Probably the most important thing children learn in schools is how to learn. If they fail to learn that chances are they won’t even graduate from high school. If they do learn that they will continue to add to their store of knowledge for the rest of their lives. Probably the saddest are those who consider themselves to be finished products once they have that high school diploma or college degree.
It hasn’t been so very long since we didn’t have free public schools and all children had the opportunity to get an education. In those days, children learned from their parents, their peers, their church and from examples set by persons in the community.
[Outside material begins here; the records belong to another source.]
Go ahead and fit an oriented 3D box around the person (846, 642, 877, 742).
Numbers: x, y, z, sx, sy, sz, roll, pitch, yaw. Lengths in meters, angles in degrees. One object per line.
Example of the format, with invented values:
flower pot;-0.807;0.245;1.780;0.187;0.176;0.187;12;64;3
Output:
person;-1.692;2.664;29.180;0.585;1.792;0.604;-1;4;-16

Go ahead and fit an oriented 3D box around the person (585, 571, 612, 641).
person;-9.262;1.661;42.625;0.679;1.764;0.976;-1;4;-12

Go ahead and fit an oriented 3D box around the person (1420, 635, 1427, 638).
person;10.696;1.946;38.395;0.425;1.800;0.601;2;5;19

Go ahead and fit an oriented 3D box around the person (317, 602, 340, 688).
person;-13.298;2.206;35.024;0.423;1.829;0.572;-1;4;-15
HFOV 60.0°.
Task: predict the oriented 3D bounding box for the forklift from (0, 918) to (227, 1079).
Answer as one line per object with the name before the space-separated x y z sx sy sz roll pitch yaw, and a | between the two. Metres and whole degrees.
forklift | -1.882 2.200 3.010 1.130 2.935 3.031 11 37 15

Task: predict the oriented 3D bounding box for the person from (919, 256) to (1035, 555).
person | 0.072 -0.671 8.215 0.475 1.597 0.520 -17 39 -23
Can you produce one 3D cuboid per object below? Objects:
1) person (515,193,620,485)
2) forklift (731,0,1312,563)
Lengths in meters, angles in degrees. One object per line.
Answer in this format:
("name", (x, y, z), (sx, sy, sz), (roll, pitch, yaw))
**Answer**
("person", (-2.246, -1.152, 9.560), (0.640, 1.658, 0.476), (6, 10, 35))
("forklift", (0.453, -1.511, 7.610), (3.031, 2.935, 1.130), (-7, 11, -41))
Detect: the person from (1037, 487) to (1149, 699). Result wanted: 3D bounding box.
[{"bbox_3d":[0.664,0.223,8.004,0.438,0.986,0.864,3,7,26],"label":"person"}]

Teachers in the earliest schools were not all particularly qualified to teach everything children needed to learn. The basics: language skills, history, science and mathematics prevailed. But things that may have been missing from their experience in the family; literature, music, art, dramatics, and other things that some people still consider to be “frills” were often neglected. Good teachers, even then, tried to expose their students to the fact that such things existed and would enrich their lives, thus more children received better educations than the average child had previously gotten at home.
Communities that provided schools for their citizen’s children formed school boards or committees to choose people they deemed qualified to teach in the schools and set certain requirements for what was to be taught. It was only after states set standards and required proof of adequate education and ability that there existed any uniform certification requirements for teachers.
Local school boards and state requirements have been responsible for the much-improved standards and educational opportunities in our schools. Today, some people are questioning the wisdom and authority of those institutions and believe that parents should have greater control over what is being taught to their children. Unless parents are deeply involved in their local school and have a solid sense of just what is being taught, how and why, I believe they should leave those matters up to the judgment of the people they elected to do that job and to the administrators and teachers they hired. Otherwise, why have a school board at all?
I have heard far too many ignorant statements from parents who criticize our schools when they really understand very little of the goals and methods of modern education, the need for teaching certain subjects and the methods of doing so. Here are a few examples of opinions I’ve heard expressed by some people who think they know better than those we pay to run our schools.
When hearing of a pilot program intended to learn if there was value in sending some bright high school students to take advanced classes at a community college, one local businessman blustered that, “What a stupid idea! Not all those kids want to fly airplanes!” In the same vein, I heard a father complain that it was useless to make his children attend social science classes because, “They’re not going to grow up to be social workers!” And a mother loudly complained that her son was not overweight and didn’t need weight training in gym class. “Even if he was overweight, it is not the school’s business to put him on a diet!”
School shootings have necessitated strict measures regarding admission to school buildings. What once was a welcome crew of volunteers has been largely eliminated. Those parents and other community members did more than take over routine chores for teachers. Their presence in the halls and classrooms showed the children that others cared about them enough to come to the school and lend a hand. They brought diversity and experience that only they, as individuals, could supply and were good role-models. Now, when schools are striving to fill that gap by teaching about various ethnic and cultural lifestyles in an attempt to foster understanding and tolerance, they are accused of “indoctrinating” our children. One more reason why parents should leave the teaching to the teachers.
Should parents control what our children learn in school?